It's actually Tuesday but his parents won't be in on that day unfortunately so they're brining it forward one day. His Mum gets in at 6:30pm so we want to keep it as an all of the family and friend thing present wise.


----------



## EnglishLion (Oct 21, 2007)

I've got a Cube style case with the same mobo in as a LAN box and I use the Zalman 7700 CPU Cooler, you might consider that.  It fits great in mine - although I went super cheap on my CPU choice and picked bottom of the range Celeron and then see how far I could push it (that'll be 4.2Ghz max then!).

I went red on the lighting too - kinda makes sense with that mobo.


----------



## theonetruewill (Oct 23, 2007)

EnglishLion said:


> I've got a Cube style case with the same mobo in as a LAN box and I use the Zalman 7700 CPU Cooler, you might consider that.  It fits great in mine - although I went super cheap on my CPU choice and picked bottom of the range Celeron and then see how far I could push it (that'll be 4.2Ghz max then!).
> 
> I went red on the lighting too - kinda makes sense with that mobo.

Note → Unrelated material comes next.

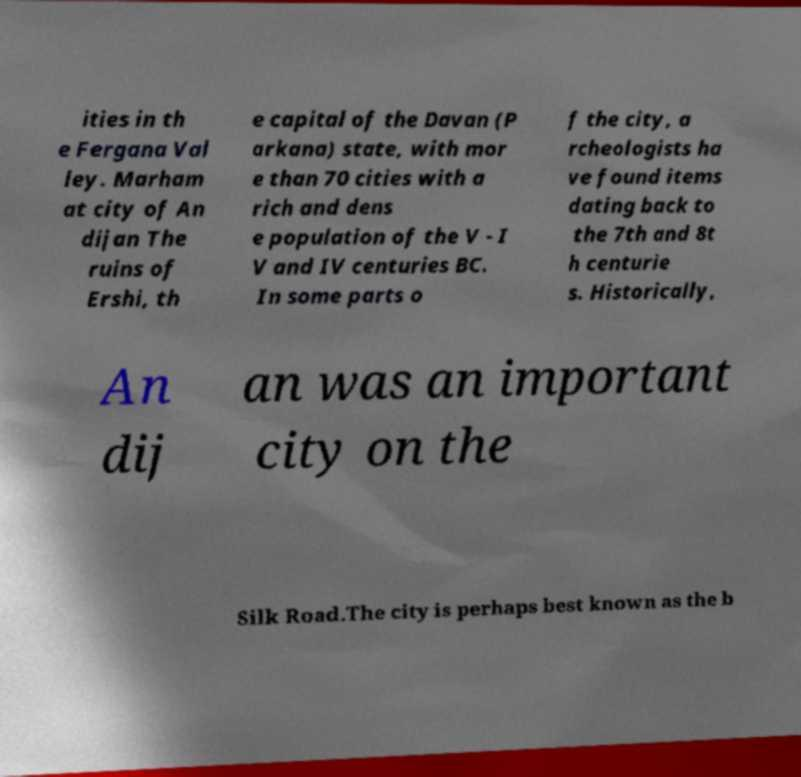Can you read and provide the text displayed in the image?This photo seems to have some interesting text. Can you extract and type it out for me? ities in th e Fergana Val ley. Marham at city of An dijan The ruins of Ershi, th e capital of the Davan (P arkana) state, with mor e than 70 cities with a rich and dens e population of the V - I V and IV centuries BC. In some parts o f the city, a rcheologists ha ve found items dating back to the 7th and 8t h centurie s. Historically, An dij an was an important city on the Silk Road.The city is perhaps best known as the b

The Red looks awesome. Me and Dizzy played Supreme Commander and Company of Heroes today on a LAN. Him on his GTX X6800 (The Beast) rig and me on the GTS Lanbox (Hell-Raiser). It was awesome, and it didn't get shown up by the bigger machine either. Hell-Raiser as I named it, is supremely fast, and didn't have any problems playing a 40x40 match on SupCom with nearly all 5 player's on the max 1000 unit limit. Both really pleased with the end result. And at lower resolutions and when the gfx is overclocked I would speculate that it could even beat the Beast rig. I'll get Dizzy to post pics ASAP.


----------